UTRECHT, NETHERLANDS — In an updated outlook Rabobank’s poultry report for Q1 2024 expects conditions in the segment to be a moderately positive year.
Analysts from the financial services company forecasted 1.5% to 2% growth for next year.
Lower input costs should lead to lower-priced chicken and help stimulate chicken consumption in 2024. Rabobank explained it was a sign of recovery compared to 2023 when growth was only 1.1%. The expected growth in markets will come from Southeast Asia, the Middle East and Latin America.
Senior analyst of Animal Protein at Rabobank, Nan-Dirk Mulder, stated that producers will need to keep balancing supply growth with relatively slow demand growth, especially in the United States, Thailand, Indonesia, and most recently, China and the European Union, which are struggling with oversupply.
Rabobank added that consumers would remain sensitive to prices because of weak economic context and pressure to supply affordable products to customers via price-driven channels.
“In this context, poultry will continue to benefit from downtrading in terms of meat type and product category,” the report said. “But as wages have increasingly risen in line with earlier inflation, value-based market opportunities will gradually return as consumer price inflation lowers. Nevertheless, price-driven markets will be an ongoing challenge for producers in 2024, as the industry will still face relatively high costs and potential volatility.”
During 2024, feed costs are expected to move slightly lower. However, ongoing global geopolitical issues like the war in Ukraine, the Middle East conflict, and weather events could still be factors along with oil and gas prices.

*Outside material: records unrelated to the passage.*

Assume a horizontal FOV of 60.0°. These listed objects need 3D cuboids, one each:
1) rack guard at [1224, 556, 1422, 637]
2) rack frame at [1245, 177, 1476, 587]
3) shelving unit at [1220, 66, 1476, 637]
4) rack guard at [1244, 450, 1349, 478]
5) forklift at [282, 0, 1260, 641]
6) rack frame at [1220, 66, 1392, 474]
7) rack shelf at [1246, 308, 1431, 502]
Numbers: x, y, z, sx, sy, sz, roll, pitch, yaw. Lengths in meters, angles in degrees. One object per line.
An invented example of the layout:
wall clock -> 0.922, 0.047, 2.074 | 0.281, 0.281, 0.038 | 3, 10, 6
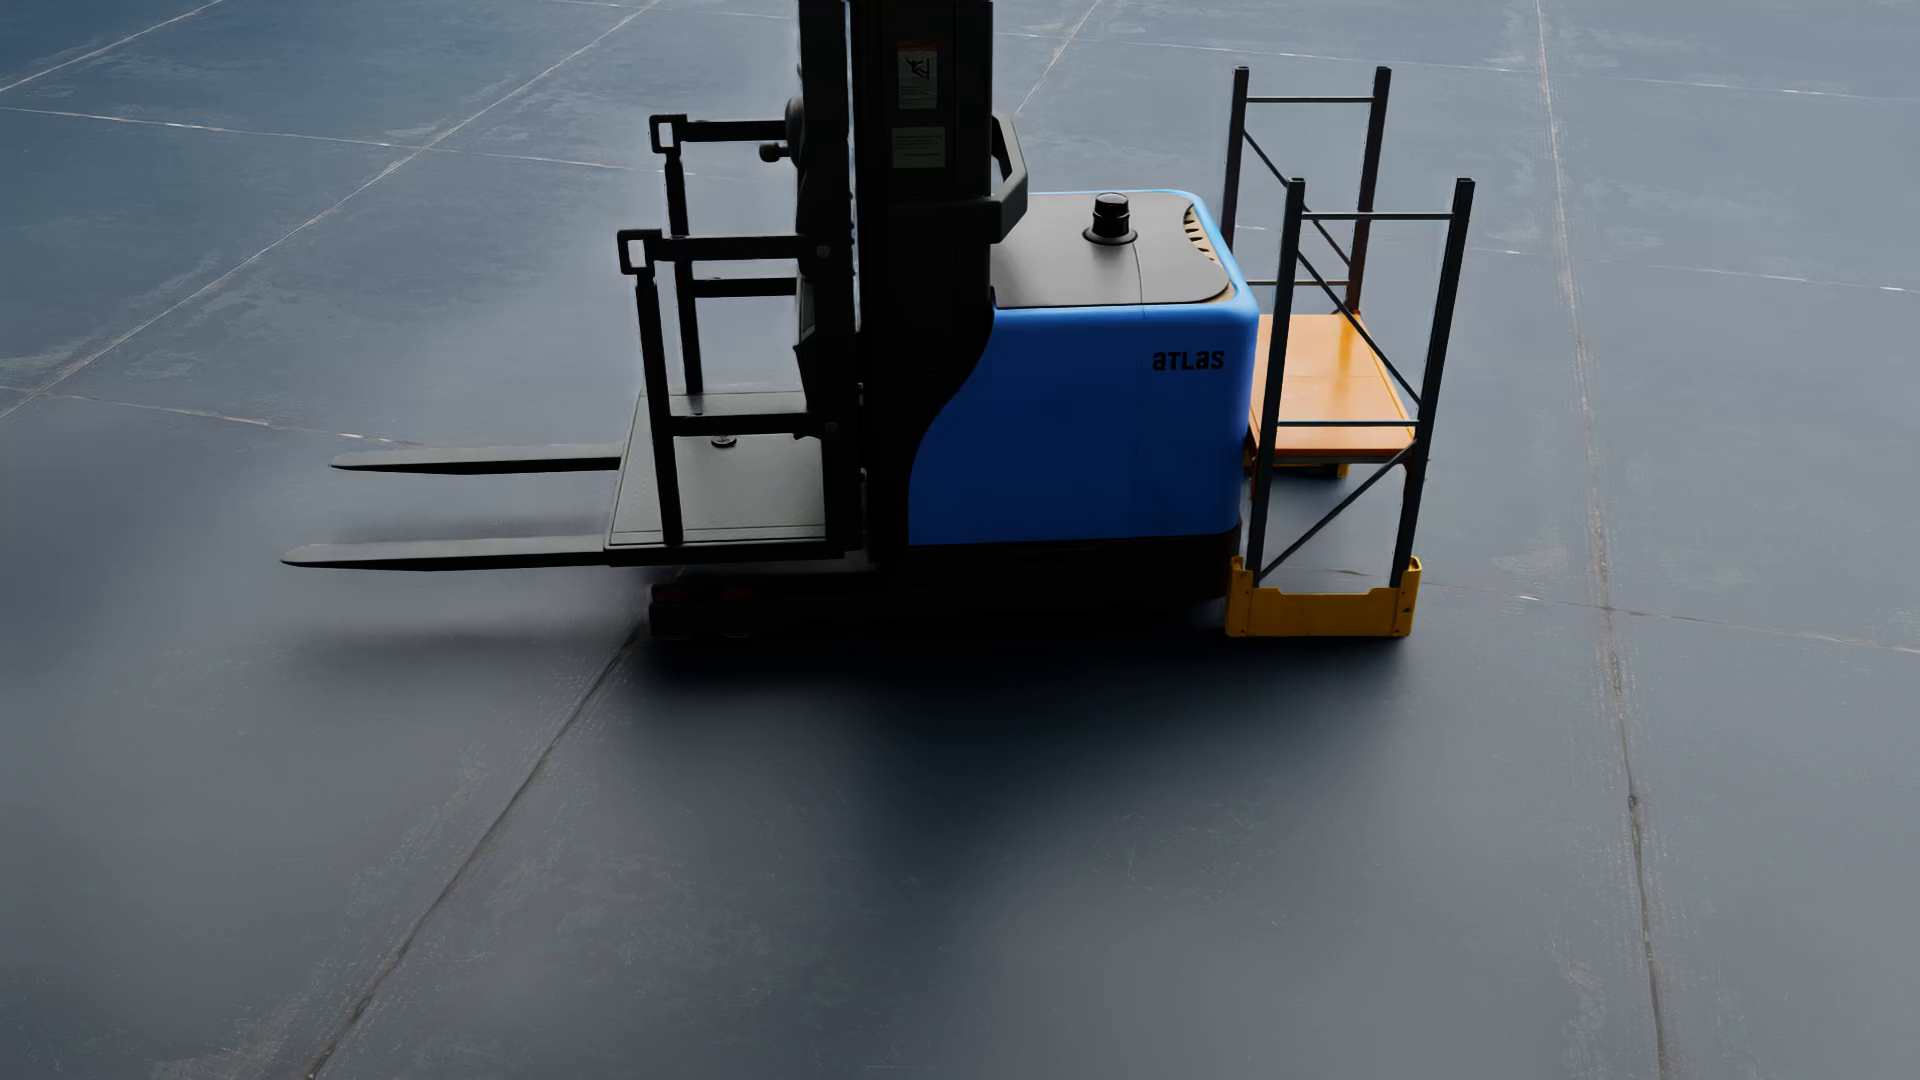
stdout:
rack guard -> 1.137, 0.177, 5.238 | 0.587, 0.250, 0.087 | 0, 32, 0
rack frame -> 1.137, -0.340, 4.886 | 0.500, 1.500, 0.032 | 0, 32, 0
shelving unit -> 1.136, -0.617, 5.323 | 0.587, 1.500, 1.083 | 0, 32, 0
rack guard -> 1.135, -0.357, 6.079 | 0.587, 0.250, 0.087 | 0, 32, 0
forklift -> -0.646, -1.213, 4.927 | 3.031, 2.935, 1.130 | -2, 33, -3
rack frame -> 1.135, -0.885, 5.744 | 0.500, 1.500, 0.032 | 0, 32, 0
rack shelf -> 1.136, -0.461, 5.412 | 0.538, 0.185, 1.000 | 0, 32, 0

The group also added that the fast growth in global trade over the last two years has started to slow.
“Trade will not be easy but will keep growing, mainly in raw chicken meat, and the market will gradually recover on improving consumer spending power in several key markets, like the EU, UK, and US,” the report said.

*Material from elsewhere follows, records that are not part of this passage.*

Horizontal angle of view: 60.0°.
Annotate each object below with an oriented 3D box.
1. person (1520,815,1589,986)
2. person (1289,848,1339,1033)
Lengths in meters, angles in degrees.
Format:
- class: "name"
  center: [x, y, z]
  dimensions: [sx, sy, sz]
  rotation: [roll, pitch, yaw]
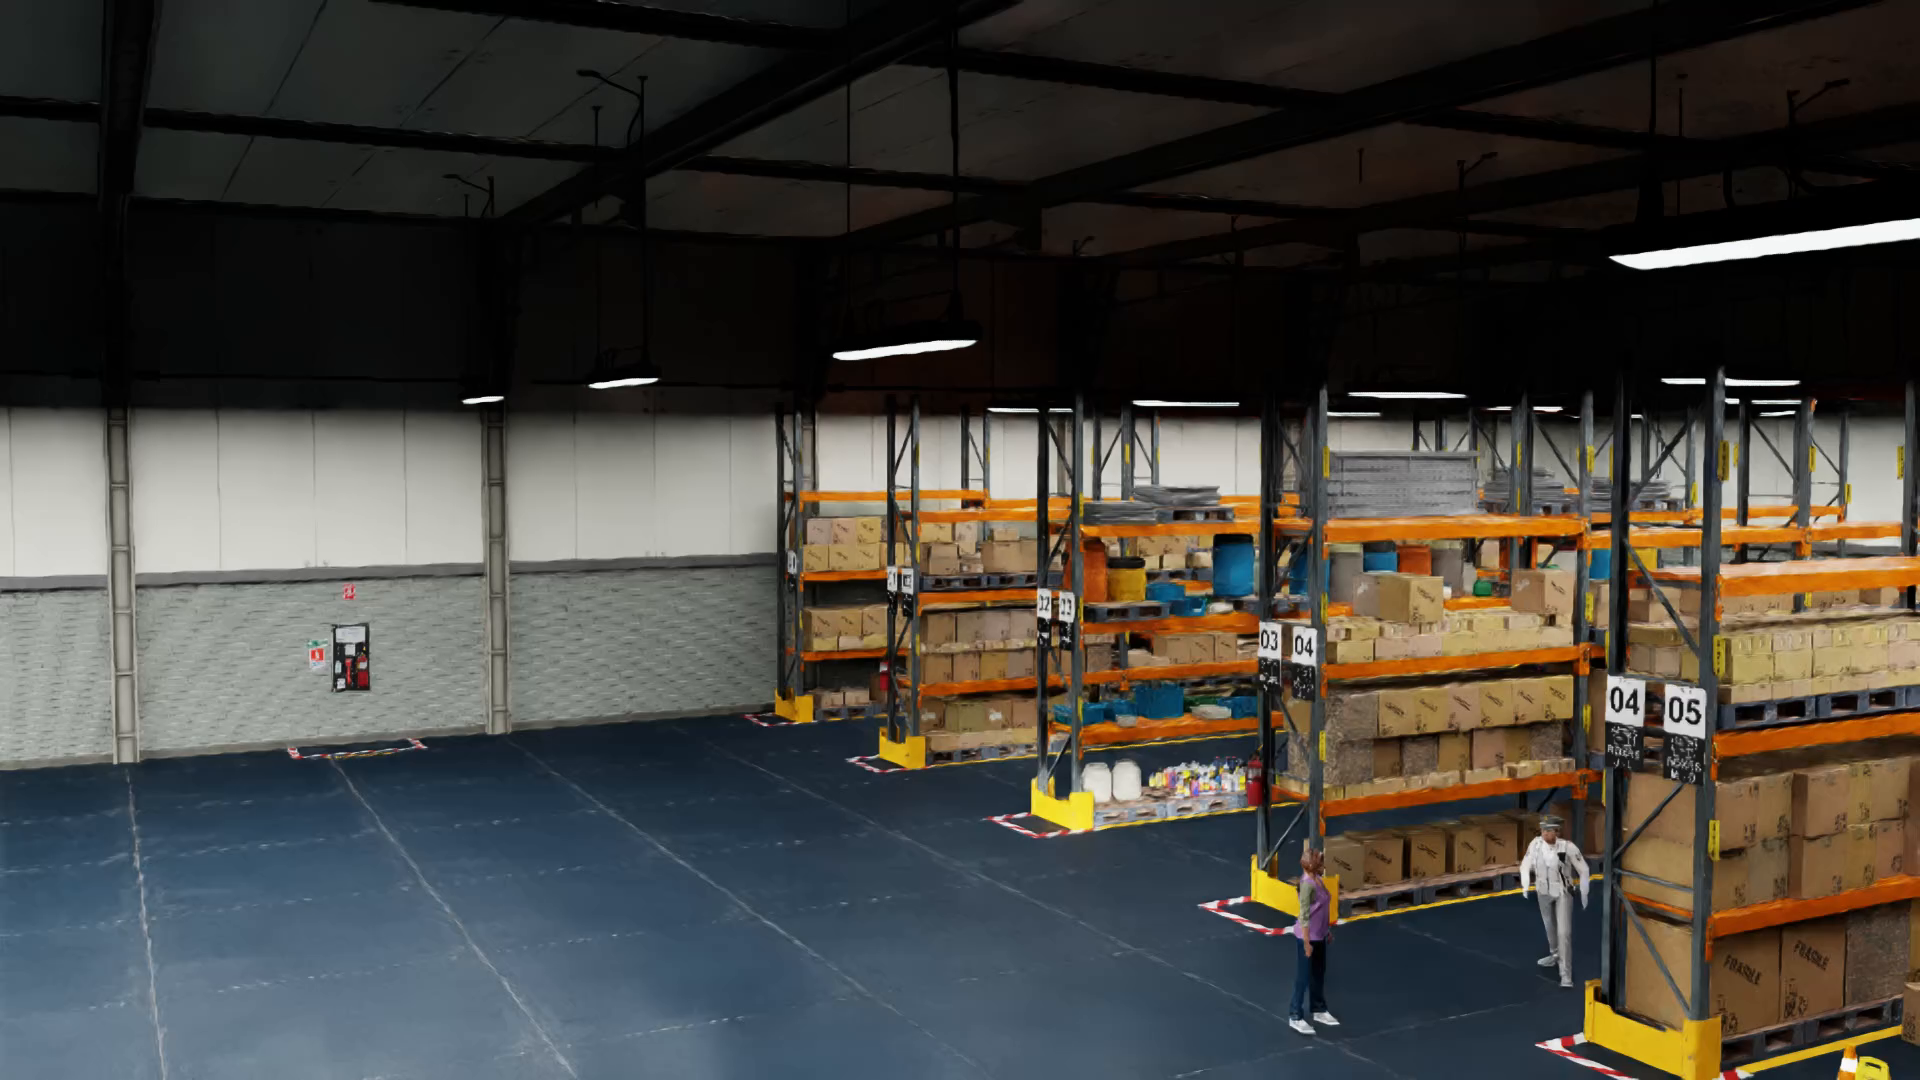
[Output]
- class: "person"
  center: [5.804, 3.436, 16.161]
  dimensions: [0.807, 1.610, 0.639]
  rotation: [-3, 5, -44]
- class: "person"
  center: [3.136, 3.520, 14.703]
  dimensions: [0.405, 1.600, 0.468]
  rotation: [2, 4, 30]

Later in the analysis, Rabobank recognized the effect avian influenza could have on the poultry market during 2024, especially since it has already impacted production and trade in the United States and Europe.
Throughout the United States, Canada and Mexico, cases in commercial farms, particularly in turkeys and layers, continue to be reported during the winter months. In Europe, there have been cases in production countries including the United Kingdom, the Netherlands, Germany, Denmark, France and Hungary.
“These relatively early outbreaks in the Northern Hemisphere winter season should be a major wake-up call for the industry to keep biosecurity at its highest level,” Mulder said.
The report stated that with the steady price-driven market context with high and volatile input costs and avian influenza risks, producers should concentrate on efficiency, procurement and biosecurity. However, improving spending power should enhance demand for more premium and value-added products.